[Records from a data collection]
==================================================

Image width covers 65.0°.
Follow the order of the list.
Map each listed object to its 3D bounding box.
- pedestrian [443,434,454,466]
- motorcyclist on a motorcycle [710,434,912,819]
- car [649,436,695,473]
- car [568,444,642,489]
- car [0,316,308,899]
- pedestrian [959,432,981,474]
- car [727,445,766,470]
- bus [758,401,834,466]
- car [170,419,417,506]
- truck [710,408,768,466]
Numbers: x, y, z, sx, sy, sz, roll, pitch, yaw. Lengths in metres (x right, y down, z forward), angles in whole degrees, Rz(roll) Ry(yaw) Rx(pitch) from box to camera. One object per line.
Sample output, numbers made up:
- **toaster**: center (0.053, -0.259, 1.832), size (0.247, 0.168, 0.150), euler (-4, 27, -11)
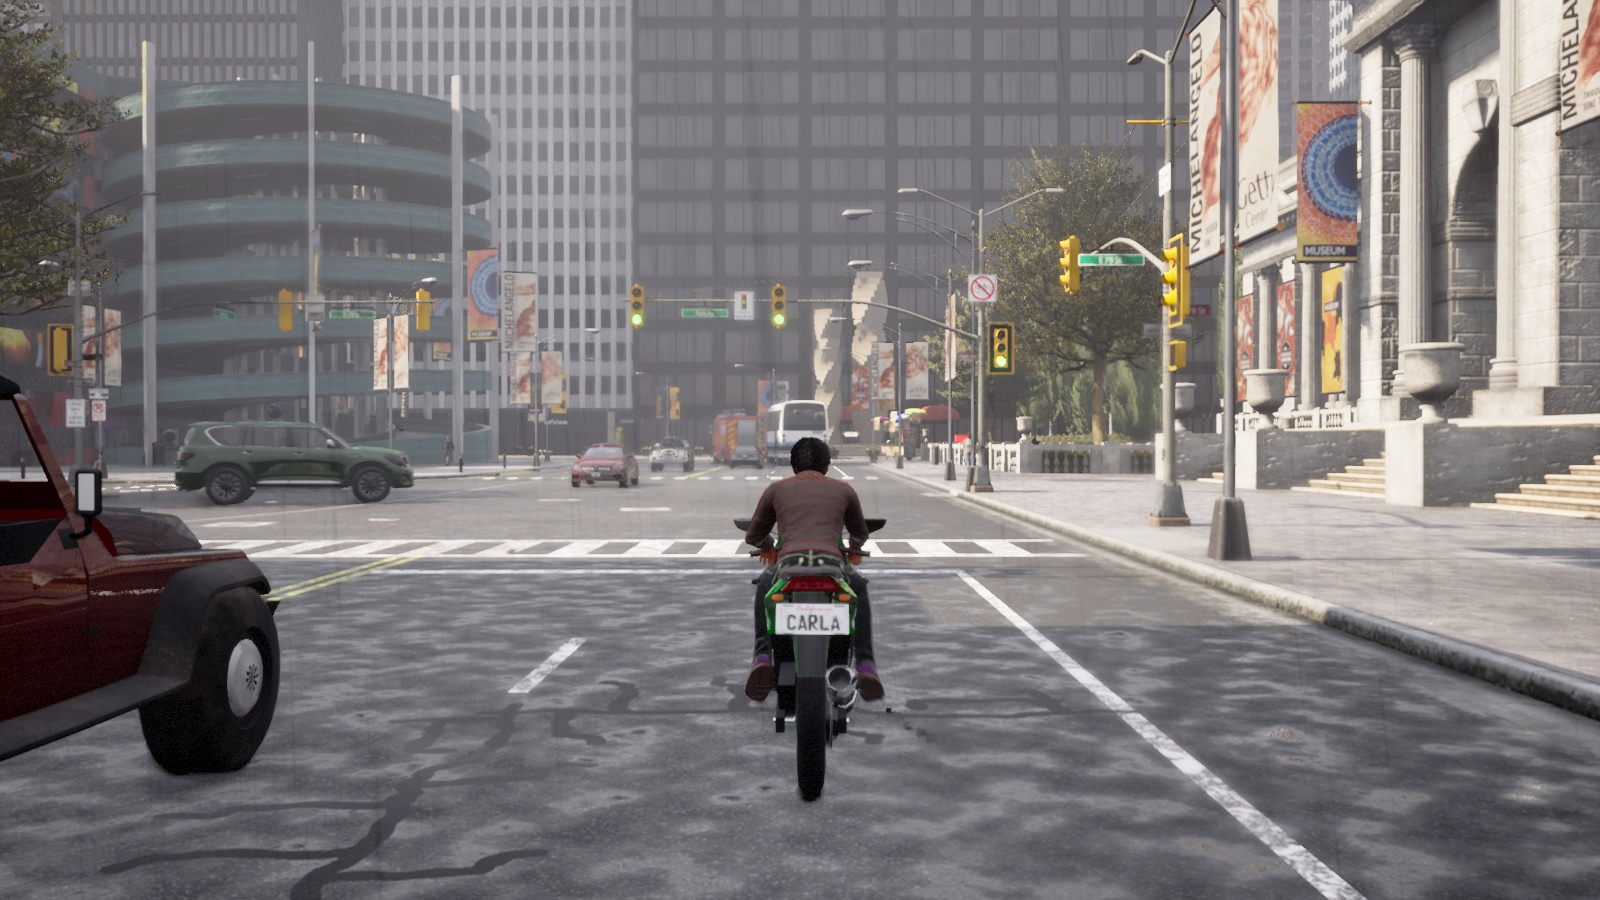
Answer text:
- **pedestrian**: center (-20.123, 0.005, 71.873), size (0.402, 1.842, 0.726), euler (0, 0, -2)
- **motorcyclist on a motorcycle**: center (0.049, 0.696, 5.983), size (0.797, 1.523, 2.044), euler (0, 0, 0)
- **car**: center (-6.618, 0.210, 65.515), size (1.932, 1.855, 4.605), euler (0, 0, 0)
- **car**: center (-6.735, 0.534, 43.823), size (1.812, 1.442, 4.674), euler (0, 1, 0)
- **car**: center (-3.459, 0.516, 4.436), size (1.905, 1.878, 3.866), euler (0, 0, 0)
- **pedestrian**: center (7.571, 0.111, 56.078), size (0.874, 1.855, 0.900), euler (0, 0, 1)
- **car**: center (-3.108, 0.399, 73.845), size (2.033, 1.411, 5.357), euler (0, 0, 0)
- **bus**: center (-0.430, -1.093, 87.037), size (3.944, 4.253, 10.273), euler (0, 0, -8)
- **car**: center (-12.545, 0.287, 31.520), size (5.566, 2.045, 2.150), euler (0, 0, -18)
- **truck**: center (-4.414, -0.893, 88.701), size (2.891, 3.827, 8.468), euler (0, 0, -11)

==================================================

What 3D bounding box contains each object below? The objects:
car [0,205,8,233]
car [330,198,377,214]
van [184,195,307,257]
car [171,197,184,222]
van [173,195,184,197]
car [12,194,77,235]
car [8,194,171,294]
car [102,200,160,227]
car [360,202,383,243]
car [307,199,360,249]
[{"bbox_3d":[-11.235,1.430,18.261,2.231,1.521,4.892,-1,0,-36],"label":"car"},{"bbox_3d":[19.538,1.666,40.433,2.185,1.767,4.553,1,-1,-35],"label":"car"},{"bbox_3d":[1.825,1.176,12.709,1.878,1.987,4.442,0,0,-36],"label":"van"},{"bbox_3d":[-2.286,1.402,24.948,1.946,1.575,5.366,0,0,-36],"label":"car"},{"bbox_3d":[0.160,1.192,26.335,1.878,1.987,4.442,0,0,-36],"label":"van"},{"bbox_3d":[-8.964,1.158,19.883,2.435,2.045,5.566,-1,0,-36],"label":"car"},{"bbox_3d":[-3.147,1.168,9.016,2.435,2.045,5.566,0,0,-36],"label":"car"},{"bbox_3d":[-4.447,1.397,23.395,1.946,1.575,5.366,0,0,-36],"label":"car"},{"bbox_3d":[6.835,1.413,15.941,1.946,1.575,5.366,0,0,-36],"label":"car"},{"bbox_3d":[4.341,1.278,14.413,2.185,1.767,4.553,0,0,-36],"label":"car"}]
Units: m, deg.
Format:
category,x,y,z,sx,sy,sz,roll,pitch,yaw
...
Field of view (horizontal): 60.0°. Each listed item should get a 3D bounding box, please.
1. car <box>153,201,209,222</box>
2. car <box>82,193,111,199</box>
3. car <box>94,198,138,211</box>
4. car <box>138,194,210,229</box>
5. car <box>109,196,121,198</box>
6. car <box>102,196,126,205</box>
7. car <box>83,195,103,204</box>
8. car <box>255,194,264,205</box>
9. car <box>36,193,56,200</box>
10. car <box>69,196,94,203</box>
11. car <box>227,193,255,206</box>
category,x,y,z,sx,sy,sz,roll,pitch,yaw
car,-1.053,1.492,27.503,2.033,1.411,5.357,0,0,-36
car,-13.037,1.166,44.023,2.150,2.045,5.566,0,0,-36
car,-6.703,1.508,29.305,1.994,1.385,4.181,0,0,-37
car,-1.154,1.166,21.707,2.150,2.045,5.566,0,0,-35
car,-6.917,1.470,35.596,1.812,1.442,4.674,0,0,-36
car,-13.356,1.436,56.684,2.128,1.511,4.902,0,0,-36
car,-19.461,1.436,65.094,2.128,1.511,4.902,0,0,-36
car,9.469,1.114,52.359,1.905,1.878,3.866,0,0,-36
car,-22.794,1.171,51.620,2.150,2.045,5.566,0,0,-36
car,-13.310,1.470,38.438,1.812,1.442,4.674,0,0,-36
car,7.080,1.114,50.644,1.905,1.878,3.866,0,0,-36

==================================================

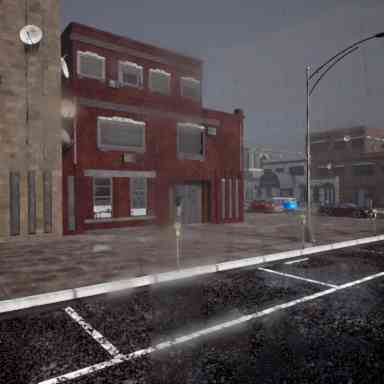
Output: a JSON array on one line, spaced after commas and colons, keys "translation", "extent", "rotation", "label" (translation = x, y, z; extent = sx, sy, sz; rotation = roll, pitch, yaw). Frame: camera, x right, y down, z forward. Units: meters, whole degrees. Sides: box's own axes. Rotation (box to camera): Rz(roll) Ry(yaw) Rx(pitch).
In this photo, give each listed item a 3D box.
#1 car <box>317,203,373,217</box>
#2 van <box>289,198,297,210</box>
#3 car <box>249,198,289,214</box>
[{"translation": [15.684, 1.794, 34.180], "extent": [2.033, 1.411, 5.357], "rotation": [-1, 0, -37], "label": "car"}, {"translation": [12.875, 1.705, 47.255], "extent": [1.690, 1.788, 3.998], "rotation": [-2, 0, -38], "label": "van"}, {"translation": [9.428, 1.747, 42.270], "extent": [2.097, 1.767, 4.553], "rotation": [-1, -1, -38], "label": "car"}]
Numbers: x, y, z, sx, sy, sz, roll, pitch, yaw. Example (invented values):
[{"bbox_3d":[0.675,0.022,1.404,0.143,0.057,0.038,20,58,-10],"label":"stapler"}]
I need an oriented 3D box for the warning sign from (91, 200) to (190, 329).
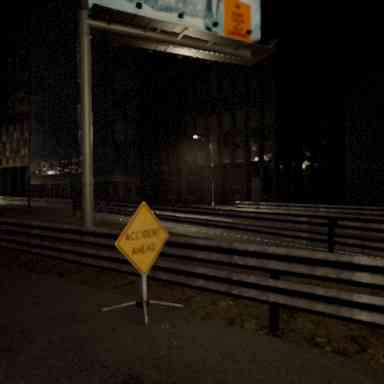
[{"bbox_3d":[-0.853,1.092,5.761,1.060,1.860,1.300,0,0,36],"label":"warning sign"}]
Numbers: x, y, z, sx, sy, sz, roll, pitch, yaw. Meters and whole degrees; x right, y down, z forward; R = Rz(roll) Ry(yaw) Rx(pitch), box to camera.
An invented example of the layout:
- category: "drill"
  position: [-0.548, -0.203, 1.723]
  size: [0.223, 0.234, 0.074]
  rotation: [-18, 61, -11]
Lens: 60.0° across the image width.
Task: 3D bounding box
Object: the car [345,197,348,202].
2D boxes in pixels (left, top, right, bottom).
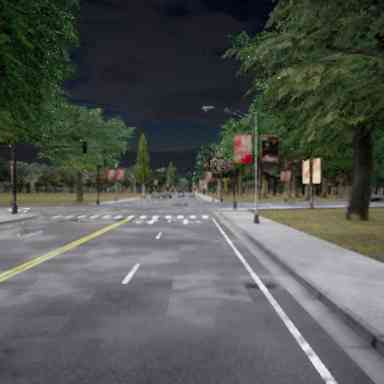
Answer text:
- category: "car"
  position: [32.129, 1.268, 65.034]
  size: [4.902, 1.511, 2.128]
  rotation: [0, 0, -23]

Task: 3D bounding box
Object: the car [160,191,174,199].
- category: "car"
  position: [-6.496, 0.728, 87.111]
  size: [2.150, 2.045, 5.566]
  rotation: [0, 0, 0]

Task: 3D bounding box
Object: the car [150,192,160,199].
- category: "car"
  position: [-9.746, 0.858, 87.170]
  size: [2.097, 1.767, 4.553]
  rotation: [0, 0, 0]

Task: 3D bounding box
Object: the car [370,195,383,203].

==================================================

- **Problem to solve**
Find and copy each line above that includes the string "item".

- **Response to the exercise**
Field of view (horizontal): 60.0°. Each listed item should get a 3D bounding box, please.
In this photo, give each listed item a 3D box.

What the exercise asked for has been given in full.